A second is a second. A photon arrives at the retina at the speed of light regardless of the organism that intercepts it. The physical world does not slow down for dragonflies or speed up for sea turtles. But the speed at which different animals process visual information varies by an order of magnitude. A dragonfly detects over 200 flashes per second as distinct events. A human perceives about 60 flashes per second before they blur into continuous light. A deep-sea fish may see 15.
Published in Nature Ecology and Evolution, Haarlem and Healy at Trinity College Dublin and the University of Galway measured critical flicker fusion rates across 237 animal species. The speed of visual processing is predicted by ecological pace of life: flying species perceive time roughly twice as fast as non-flying species. Pursuit predators see faster than ambush predators. Animals in bright environments see faster than those in darkness.
The structural insight is about the subjectivity of temporal resolution. The same physical second contains different amounts of visual information for different organisms. A dragonfly experiences a second as roughly three to four times more visually detailed than a human does. Not because the world is different — the photons are the same — but because the sampling rate is different.
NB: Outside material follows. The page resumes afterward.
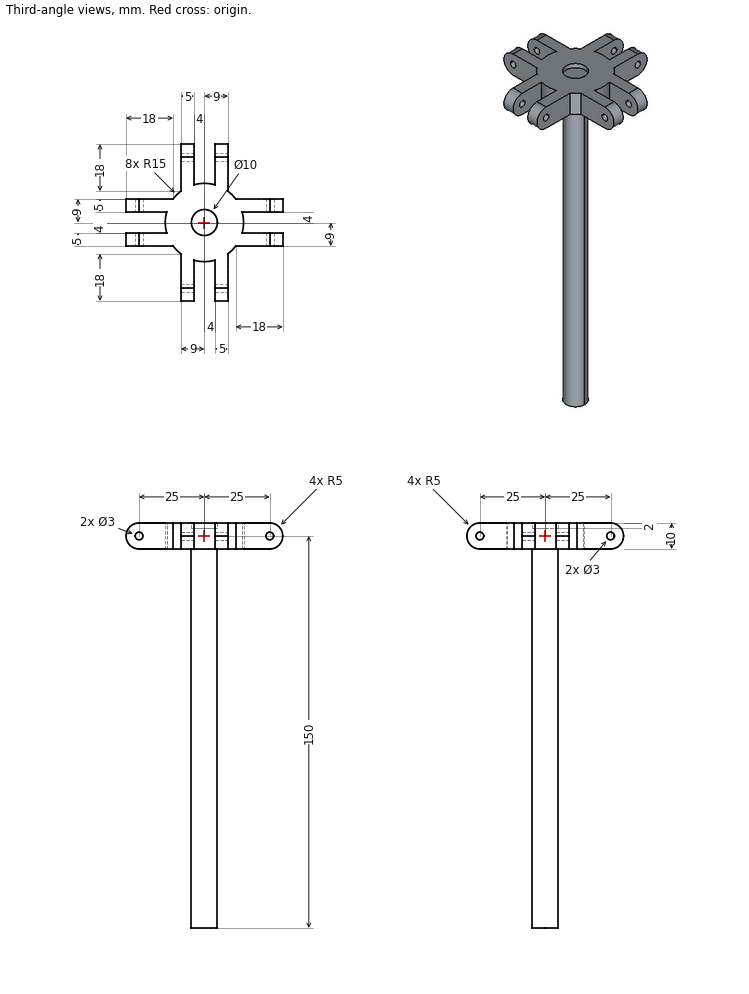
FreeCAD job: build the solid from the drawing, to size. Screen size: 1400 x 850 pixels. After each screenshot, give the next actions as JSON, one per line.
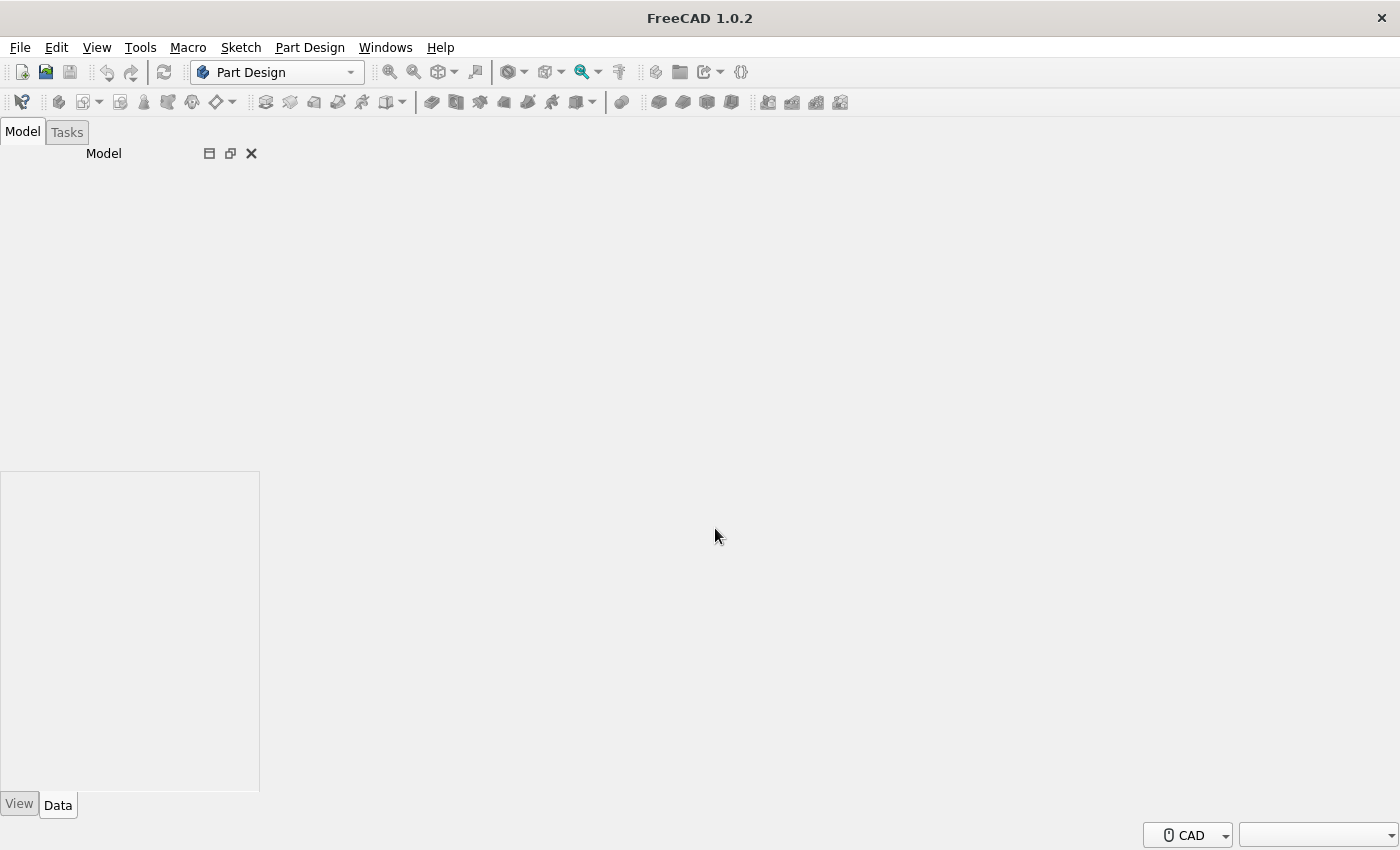
{"action": "left_click", "coordinate": [22, 72]}

The dragonfly's nervous system takes more snapshots per unit time, and each snapshot is a moment of experience.
This means there is no single “present moment” in nature. The present is a window whose width depends on the sampling rate of the observer. For a fast-perceiving predator, the present is narrow and information-dense. For a slow-perceiving organism in the deep sea, the present is wide and information-sparse. The same physical event — a prey item moving across the visual field — is a slow, continuous trajectory for the predator and a blurred jump for the prey. Ecology does not just shape what organisms see. It shapes when they see it.